各々が乗る"宙間軽作業用簡易式モビルワーカー"――作業員たちは「ブランコ」と呼んでいる――は、高さ約3mの真四角な箱のような見た目で、機体は装甲で覆われているが、どこかハリボテのような心もとなさを感じさせた。両脇の細い2本のアームでデブリをつまみあげ、識別センサーを通し、回収ボックスへと投下していく。無重力の空間で繰り返されるその一連の作業には、精密さと倦怠の入り混じった、奇妙な静けさがあった。
研修ステーションでの二日間の形式的なレクチャーを終え、カズキがこの第101作業班15名の一員として現場に出るのは今日が初日だったが、緊張の中にもすでに退屈が芽生え始めていた。
「おい、新人、その持ち方じゃあぶねーよ!」 タケルがまた怒鳴った。
「落っことすなよ。ここは地面がねえんだからよ。そのまま飛んでってどっかの誰かのアタマにゴツンだ。」
タケルは言葉こそ荒いが、安全意識は人一倍高いことは伺えた。
「これってリリ通した?」 「こっち除染スプレー尽きた。補充頼む。」 「オッケー。先に圧力チェックしてからいく。」「腹減ったブ〜」「13から15ブロックは除染完了。ブイに送信済みです。」 「誰かチリ紙まとめといてー」
共有チャンネルに響く会話は、専門用語と隠語と軽口の小嵐だった。
カズキは少しの目眩を覚えつつ、ブランコの旧式の操縦桿をおぼつかずに動かし続けた。
ブランコのコクピットは卵型のカプセルが機体の前面に埋め込まれた構造になっている。
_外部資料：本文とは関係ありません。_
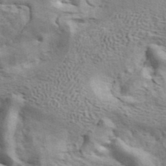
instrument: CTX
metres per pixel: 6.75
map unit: ANa
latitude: 42.4412
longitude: 17.2565
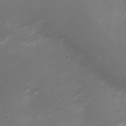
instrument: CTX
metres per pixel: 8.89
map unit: Ht
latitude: 1.3292
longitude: -19.9717
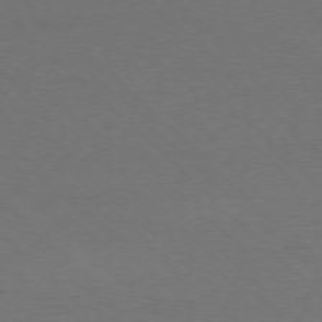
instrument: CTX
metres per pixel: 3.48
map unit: Ap
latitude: -75.5966
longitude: -77.9339
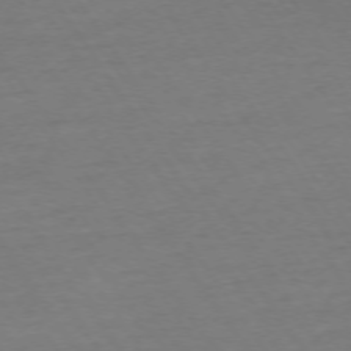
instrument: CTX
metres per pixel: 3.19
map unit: Ap
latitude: -74.1984
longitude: -85.4615
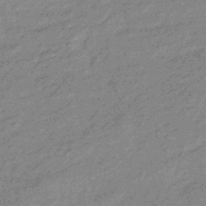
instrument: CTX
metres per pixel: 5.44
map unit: eHb
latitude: -44.0094
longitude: 88.5007
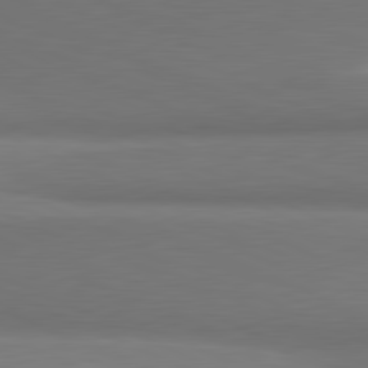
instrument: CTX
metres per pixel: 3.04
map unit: lApd
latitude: 81.4615
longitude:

外殻は透明な強化ガラスで、機体のカメラモニターに加えて、有視界での作業が可能だった。
カズキがふと見下ろすとブランコに乗らずに作業する一群も見えた。大きく不格好で動きづらそうなスーツ。鈍色の金属パイプで組んだ足場に磁力ブーツで各々器用に立っている(あるいはぶら下がっている)。ヘルメット部分はブランコ同様の強化ガラス仕様。特殊加工で放射線の遮断性能は高いが、可視光線の透過・反射はクリアされており、お互いの顔はよく見える。
その中でも一際若く見える小柄な青年に目がいった。ヘルメット越しに柔らかそうな髪の毛が見える。栗色だろうか。前髪は長く目を隠すように下ろしており感情がよく読み取れない。左右の作業員のお喋りには交わらず、黙々と作業をしていた。
夕暮れ――地球やコロニーでいうところの――が近づき、穏やかだが疲労がにじむ初老の男―オカバヤシ班長の声がする。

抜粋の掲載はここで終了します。